As part of the flood of taxpayer cash approved by the American Recovery and Reinvestment Act (ARRA) of 2009, the federal government has about $140 billion worth of federal and federally assisted construction projects to fund and oversee. Most of us would expect that such projects would be awarded to qualified bidders based on whichever contractor submits a bid delivering to taxpayers the best work at the best price.
But that has not been the case under the Obama administration.
After receiving major political dollars and support from Big Labor, President Obama signed Executive Order 13502 just 16 days after taking office. The order repealed a prior executive order in effect since 2001 that kept the government accountable by prohibiting government-mandated project labor agreements (PLAs) on at least $147.1 billion worth of federal construction projects. It had also ensured fair and open competition on hundreds of billions of dollars of important federally assisted schools, jails, bridges, roads and sewers in communities across the United States.
Now, taxpayers are stuck with an executive order that encourages federal agencies, whenever possible, to require a union-favoring PLA on projects exceeding $25 million in total cost.
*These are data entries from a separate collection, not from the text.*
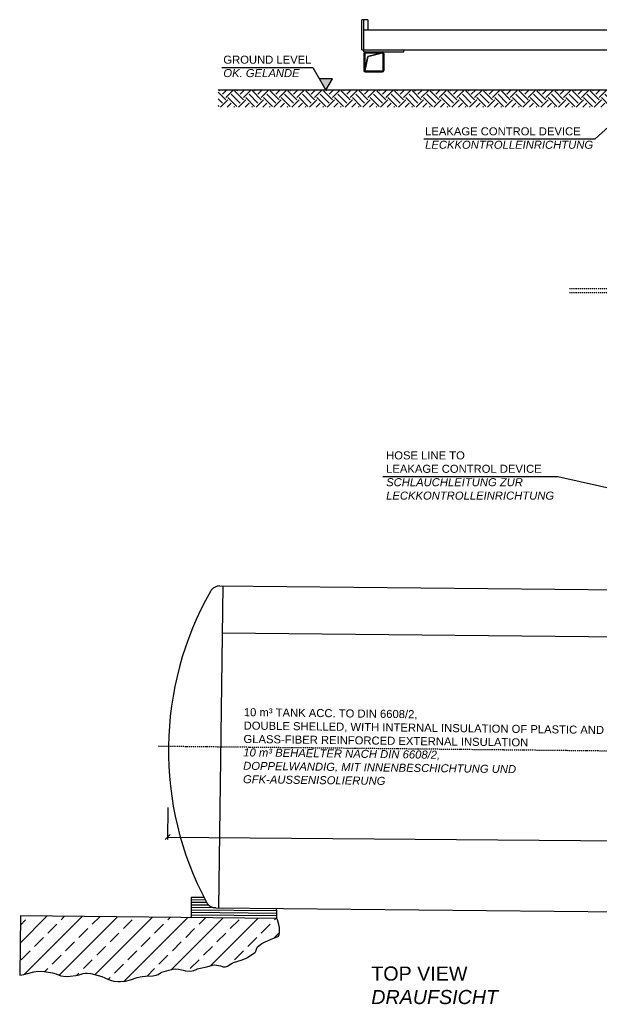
# Model space of a CAD drawing. Extents: x 214 to 10734, y 2453 to 10516.
# Tile 2 of 7: x 214 to 3094, y 5214 to 10109. Entities that reach past the tile are written whole.
import ezdxf

# ---------------------------------------------------------------- set-up
doc = ezdxf.new("R2010")
doc.units = 0
doc.header["$MEASUREMENT"] = 0
doc.linetypes.add('DASHDOT', pattern=[1, 0.5, -0.25, 0, -0.25])
doc.layers.get('0').update_dxf_attribs({"linetype": 'CONTINUOUS'})
for name, color, linetype in [('2', 7, 'CONTINUOUS'), ('4', 7, 'CONTINUOUS'), ('6', 7, 'CONTINUOUS'), ('8', 7, 'CONTINUOUS'), ('9', 7, 'CONTINUOUS'), ('Beschriftung', 7, 'CONTINUOUS')]:
    doc.layers.add(name, color=color, linetype=linetype)
doc.styles.add('ROMANS', font='ROMANS', dxfattribs={"height": 0.2})

msp = doc.modelspace()

# ---------------------------------------------------------------- hatches: boundary and pattern name
at = {"linetype": 'Continuous'}
h = msp.add_hatch(color=256, dxfattribs=at)
h.dxf.hatch_style = 1
h.paths.add_polyline_path([(1767.8, 9815.2), (1703.4, 9815.2), (1735.6, 9759.4)])
at = {"layer": '2', "linetype": 'Continuous'}
h = msp.add_hatch(dxfattribs=at)
h.set_pattern_fill('EARTH', color=256, scale=250, angle=45)
h.paths.add_polyline_path([(3313.4, 9759.4), (1200.3, 9759.4), (1200.3, 9675.3), (3313.4, 9675.3)])
h = msp.add_hatch(dxfattribs=at)
h.set_pattern_fill('ANSI33', color=256, scale=500)
h.paths.add_polyline_path([(1380.9, 5469.7), (1383.7, 5472.2), (1387.3, 5478.8), (1392.1, 5494.3), (1396.4, 5500.5), (1410.4, 5512.2), (1417.8, 5517.3), (1429.7, 5523.7), (1463.1, 5538.2), (1480.5, 5545.5), (1498.6, 5552.1), (1502.4, 5556.1), (1503.9, 5559.7), (1505.1, 5567.2), (1505.7, 5586.7), (1505.1, 5596.5), (1502.2, 5610.7), (1495, 5633.9), (1492.5, 5641.3), (217.6, 5654), (213.8, 5358.9), (233.5, 5362.8), (284.3, 5375.8), (294.4, 5377.5), (315, 5378.6), (335.8, 5377.4), (377.1, 5371.5), (395.1, 5366), (418.6, 5356.7), (430.7, 5354.1), (451.4, 5353.3), (465.4, 5353.9), (493.1, 5357), (508.6, 5360.8), (529.1, 5367.2), (539.5, 5368.6), (548.6, 5368.6), (567, 5366.8), (585.4, 5363.1), (622.1, 5352.6), (636.8, 5346.6), (655.7, 5337.3), (665.6, 5333.8), (681.8, 5330.1), (703.9, 5327.6), (715, 5327.3), (739.6, 5329.5), (764.2, 5335.9), (796.8, 5347.3), (813.3, 5351.7), (821.8, 5353), (839.4, 5354.1), (874.7, 5355.4), (891.9, 5358.8), (901.7, 5363.4), (914.2, 5371.4), (920.8, 5374.4), (955.6, 5384.5), (975.9, 5389.3), (986.1, 5390.3), (1003.4, 5388.8), (1026.6, 5383.6), (1038.2, 5381.6), (1059.8, 5379.7), (1070.5, 5380.2), (1079.2, 5382.9), (1093.4, 5389.7), (1144.1, 5400.5), (1171.6, 5409.2), (1181.7, 5410), (1202.1, 5407.7), (1211.8, 5405.3), (1224.7, 5401.3), (1231.1, 5400.5), (1236.1, 5401.1), (1245.9, 5404.7), (1256.2, 5410.6), (1269.1, 5419), (1276, 5422.2), (1313.7, 5433.8), (1335.3, 5441.8), (1345.6, 5446.9), (1367.4, 5461.4)])

# ---------------------------------------------------------------- linework, layer by layer
at = {"layer": '2', "color": 7, "linetype": 'Continuous'}
for p, q in [((1943.4, 10109.4), (1913.4, 10109.4)), ((1913.4, 9959.4), (1913.4, 10109.4)), ((1923.4, 9949.4), (1923.4, 10109.4)), ((1943.4, 10109.4), (1943.4, 10059.4)), ((1923.4, 10059.4), (3227.9, 10059.4)), ((1913.4, 9959.4), (1923.4, 9959.4)), ((1923.4, 9959.4), (3313.4, 9959.4)), ((1923.4, 9949.4), (2123.4, 9949.4)), ((1923.4, 9941.9), (1923.4, 9856.9)), ((1928.4, 9941.9), (1928.4, 9856.9)), ((1930.9, 9944.4), (2015.9, 9944.4)), ((2017.1, 9944.1), (1943.4, 9925.7)), ((2018.4, 9941.9), (2018.4, 9856.9)), ((2023.4, 9941.9), (2023.4, 9856.9)), ((2123.4, 9949.4), (2123.4, 9959.4)), ((1943.4, 9925.7), (1928.7, 9855.7)), ((1930.9, 9854.4), (2015.9, 9854.4)), ((1930.9, 9849.4), (2015.9, 9849.4)), ((3313.4, 9759.4), (1200.3, 9759.4)), ((1223.6, 7294.1), (1202.5, 5694.2)), ((1208.9, 7294.2), (3362.7, 7272.7)), ((1220.6, 7061.8), (3362.7, 7040.4)), ((1187.8, 5694.4), (6047, 5645.8)), ((217.6, 5654), (213.8, 5358.9))]:
    msp.add_line(p, q, dxfattribs=at)
at = {"layer": '2', "color": 7, "linetype": 'DASHDOT', "ltscale": 10}
for p, q in [((2946.6, 8773.6), (4939.6, 8773.6)), ((2946.6, 8753.6), (4927.9, 8753.6)), ((903.1, 6498.3), (6330.1, 6441.6))]:
    msp.add_line(p, q, dxfattribs=at)
at = {"layer": '2', "color": 7, "linetype": 'Continuous'}
msp.add_lwpolyline([(2017.1, 9944.1), (1930.9, 9944.4), (1929.3, 9943.5), (1928.4, 9941.9), (1928.7, 9855.7), (1943.4, 9925.7)], close=True, dxfattribs=at)
for centre, radius, start, end in [((1930.9, 9941.9), 7.5, 90, 180), ((1930.9, 9941.9), 2.5, 90, 180), ((2015.9, 9941.9), 7.5, 0, 90), ((2015.9, 9941.9), 2.5, 0, 90), ((1930.9, 9856.9), 7.5, 180, 270), ((1930.9, 9856.9), 2.5, 180, 270), ((2015.9, 9856.9), 7.5, 270, 0), ((2015.9, 9856.9), 2.5, 270, 0), ((1208.2, 7241.3), 53, 89.2444, 150.3714), ((2553, 6476.5), 1600, 150.3714, 208.1175), ((1188.5, 5747.4), 53, 208.1175, 269.2445)]:
    msp.add_arc(centre, radius, start, end, dxfattribs=at)
at = {"layer": '4', "color": 7, "linetype": 'Continuous'}
for p, q in [((949.9, 6192.2), (948.7, 6033)), ((936.2, 6033.1), (961.4, 6057.9))]:
    msp.add_line(p, q, dxfattribs=at)
at = {"layer": '4', "color": 7, "linetype": 'Continuous', "ltscale": 50}
msp.add_line((948.8, 6045.5), (6298.6, 6003.8), dxfattribs=at)
at = {"layer": '6', "color": 7, "linetype": 'Continuous', "ltscale": 150}
for p, q in [((1218.7, 9871), (1671.2, 9871)), ((1671.2, 9871), (1735.6, 9759.4)), ((1767.8, 9815.2), (1703.4, 9815.2)), ((1735.6, 9759.4), (1767.8, 9815.2))]:
    msp.add_line(p, q, dxfattribs=at)
at = {"layer": '6', "linetype": 'Continuous', "ltscale": 150}
for p, q in [((3074.3, 9517.7), (3352.5, 9768.7)), ((2221.5, 9517.7), (3074.3, 9517.7))]:
    msp.add_line(p, q, dxfattribs=at)
at = {"layer": '8', "linetype": 'Continuous'}
for p, q in [((2019.3, 7839.2), (2888.7, 7839.2)), ((2888.7, 7839.2), (3395, 7723))]:
    msp.add_line(p, q, dxfattribs=at)
at = {"layer": '9', "color": 7, "linetype": 'Continuous'}
for p, q in [((1066.3, 5745.6), (1065.3, 5645.6)), ((1136.3, 5732.4), (1066.1, 5733.1)), ((1129.7, 5744.9), (1066.3, 5745.6)), ((1492, 5678.8), (1065.7, 5683.1)), ((1187.8, 5694.3), (1065.8, 5695.6)), ((1153.8, 5707.2), (1065.9, 5708.1)), ((1143.1, 5719.8), (1066, 5720.6)), ((1492.5, 5641.3), (217.6, 5654)), ((1492.3, 5653.8), (1065.4, 5658.1)), ((1492.2, 5666.3), (1065.5, 5670.6))]:
    msp.add_line(p, q, dxfattribs=at)
msp.add_lwpolyline([(213.8, 5358.9), (233.5, 5362.8), (284.3, 5375.8), (294.4, 5377.5), (315, 5378.6), (335.8, 5377.4), (377.1, 5371.5), (395.1, 5366), (418.6, 5356.7), (430.7, 5354.1), (451.4, 5353.3), (465.4, 5353.9), (493.1, 5357), (508.6, 5360.8), (529.1, 5367.2), (539.5, 5368.6), (548.6, 5368.6), (567, 5366.8), (585.4, 5363.1), (622.1, 5352.6), (636.8, 5346.6), (655.7, 5337.3), (665.6, 5333.8), (681.8, 5330.1), (703.9, 5327.6), (715, 5327.3), (739.6, 5329.5), (764.2, 5335.9), (796.8, 5347.3), (813.3, 5351.7), (821.8, 5353), (839.4, 5354.1), (874.7, 5355.4), (891.9, 5358.8), (901.7, 5363.4), (914.2, 5371.4), (920.8, 5374.4), (955.6, 5384.5), (975.9, 5389.3), (986.1, 5390.3), (1003.4, 5388.8), (1026.6, 5383.6), (1038.2, 5381.6), (1059.8, 5379.7), (1070.5, 5380.2), (1079.2, 5382.9), (1090.4, 5388.3), (1096.2, 5390.3), (1144.1, 5400.5), (1171.6, 5409.2), (1181.7, 5410), (1202.1, 5407.7), (1211.8, 5405.3), (1224.7, 5401.3), (1231.1, 5400.5), (1236.1, 5401.1), (1245.9, 5404.7), (1256.2, 5410.6), (1269.1, 5419), (1276, 5422.2), (1313.7, 5433.8), (1335.3, 5441.8), (1345.6, 5446.9), (1367.4, 5461.4), (1380.9, 5469.7), (1383.7, 5472.2), (1387.3, 5478.8), (1392.1, 5494.3), (1396.4, 5500.5), (1410.4, 5512.2), (1417.8, 5517.3), (1429.7, 5523.7), (1463.1, 5538.2), (1480.5, 5545.5), (1498.6, 5552.1), (1502.4, 5556.1), (1503.9, 5559.7), (1505.1, 5567.2), (1505.7, 5586.7), (1505.1, 5596.5), (1502.2, 5610.7), (1495, 5633.9), (1492.5, 5641.3), (1492.3, 5653.8), (1492.2, 5666.3), (1492, 5678.8), (1489.1, 5691.1), (1488.2, 5692.3), (1488, 5691.4)], dxfattribs=at)

# ---------------------------------------------------------------- texts
at = {"layer": '6', "linetype": 'Continuous', "insert": (2228.7, 9574.4), "char_height": 40, "width": 860.062, "attachment_point": 1, "style": 'ROMANS'}
msp.add_mtext('{\\fArial|b0|i0|c0|p34;LEAKAGE CONTROL DEVICE \\fArial|b0|i1|c0|p34;LECKKONTROLLEINRICHTUNG}', dxfattribs=at)
at = {"layer": '8', "linetype": 'Continuous', "insert": (2034.9, 7963.4), "char_height": 40, "width": 864.914, "attachment_point": 1}
msp.add_mtext('{\\fArial|b0|i0|c0|p34;HOSE LINE TO\\PLEAKAGE CONTROL DEVICE\\P\\fArial|b0|i1|c0|p34;SCHLAUCHLEITUNG ZUR\\PLECKKONTROLLEINRICHTUNG}', dxfattribs=at)
at = {"layer": 'Beschriftung', "linetype": 'Continuous', "attachment_point": 1}
for s, insert, char_height, width in [('{\\fArial|b0|i0|c0|p34;GROUND LEVEL\\P\\fArial|b0|i1|c0|p34;OK. GELÄNDE}', (1225.9, 9930.6), 40, 458.58), ('{\\fArial|b0|i0|c0|p34;TOP VIEW\\P\\fArial|b0|i1|c0|p34;DRAUFSICHT}', (1961.1, 5402.4), 70, 1830.37)]:
    msp.add_mtext(s, dxfattribs=dict(at, insert=insert, char_height=char_height, width=width))
at = {"layer": 'Beschriftung', "linetype": 'Continuous', "insert": (1327.9, 6687.1), "char_height": 40, "width": 1812.263, "attachment_point": 1, "rotation": 359.2879}
msp.add_mtext('{\\fArial|b0|i0|c0|p34;10 m³ TANK ACC. TO DIN 6608/2,\\PDOUBLE SHELLED, WITH INTERNAL INSULATION OF PLASTIC AND\\PGLASS-FIBER REINFORCED EXTERNAL INSULATION\\P\\fArial|b0|i1|c0|p34;10 m³ BEHAELTER NACH DIN 6608/2,\\PDOPPELWANDIG, MIT INNENBESCHICHTUNG UND\\PGFK-AUSSENISOLIERUNG}', dxfattribs=at)

doc.saveas('drawing.dxf')

Think of a government-mandated PLA as a stimulus package for Big Labor at the expense of taxpayers and the construction industry’s non-union workforce. PLA schemes discourage competition from qualified non-union contractors and ensure that most or all the workforce building the federal project will be union members hired through union hiring halls. Such favoritism steers lucrative federal contracts to unionized contractors and is especially appalling since just 14.5 percent of the U.S. private construction workforce belongs to a labor union.
Unfortunately, this favoritism is going to hit taxpayers in the wallet, as evidenced by the results of a PLA forced on a U.S. General Services Administration (GSA) project in the District of Columbia. On Sept. 14, the GSA awarded a $52.3 million ARRA-funded contract to renovate the Lafayette Building at 811 Vermont Ave NW (which houses, among other entities, the U.S. Department of Veterans Affairs) to a contractor offering a non-PLA bid with the best overall experience at the best price.
But then something shocking happened. Politics trumped responsible governing. On the very same day, the GSA ordered the contractor to make it a union-favoring PLA project. The tab for this change to a special interest handout, in a city where union labor makes up a minority of the industry at just 12 percent, was a cool $3.3 million.
That’s taxpayer money being taken from the U.S. Treasury to benefit Big Labor, one of President Obama’s biggest political supporters. While this rigged public bidding system funneled an additional $3.3 million of taxpayer funds to reward special interests — only a drop in the bucket when you consider all federal construction spending — imagine the skyrocketing costs if more federal agencies are nudged by the White House into using costly federal PLAs. Numerous studies have found that government-mandated PLAs can typically increase construction costs up to 18 percent. Can America really afford four schools, jails and hospitals for the price of five?